Implementing a discontinuous NN layer in `torch`

I’m trying to implement the following discontinuous layer proposed by a recent interesting paper ,and I’m wondering whether I’m doing it correctly.

Layer:

My first attempt was the following:

class DiscontLayer(nn.Module):
    
    def __init__(self, input_dim, output_dim):
        
        super().__init__()
        
        self.linear = nn.Linear(input_dim, output_dim)
        self.epsilon = nn.Parameter(torch.randn(output_dim))
                
    def forward(self, x):
        
        cont_part = nn.ReLU()(self.linear(x))
            
        discont_part = self.epsilon * torch.heaviside(self.linear(x),torch.ones_like(self.linear(x)))
        
        return cont_part + discont_part

But trying to run it, I encountered an error due to backpropagating through the Heaviside activation function. The derivative of this function is should be 0 everywhere, except at the discontinuity, but this seems not being implemented. Then I found this post, suggesting to protect the torch.heaviside call with torch.no_grad().
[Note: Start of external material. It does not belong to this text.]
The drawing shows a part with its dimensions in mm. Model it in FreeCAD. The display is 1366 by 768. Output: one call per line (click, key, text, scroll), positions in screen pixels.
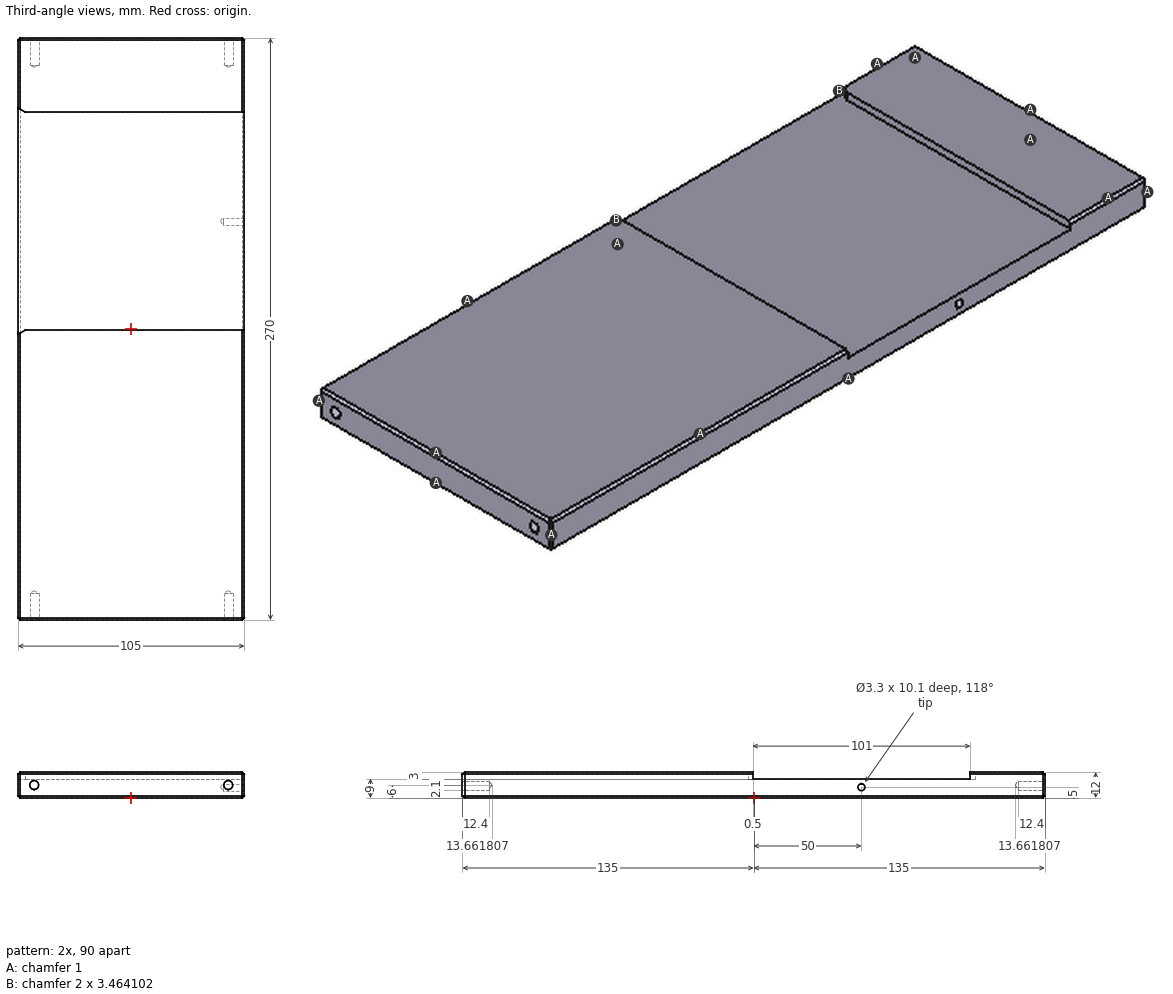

So I tried in the following way:

Then:

class DiscontLayer(nn.Module):
    
    def __init__(self, input_dim, output_dim):
        
        super().__init__()
        
        self.linear = nn.Linear(input_dim, output_dim)
        self.epsilon = nn.Parameter(torch.randn(output_dim))
                
    def forward(self, x):
        
        cont_part = nn.ReLU()(self.linear(x))
        
        discont_part = self.linear(x)
        
        with torch.no_grad():
            
            discont_part = torch.heaviside(discont_part,torch.ones_like(discont_part))
            
        discont_part = self.epsilon * discont_part
        
        return cont_part + discont_part

But I’m not yet 100% sure that I have done that correctly.

Many thanks for your help,

Fede

Hey Fede, were you able to solve this problem? I was also interested in the effect of using a discontinuous activation function.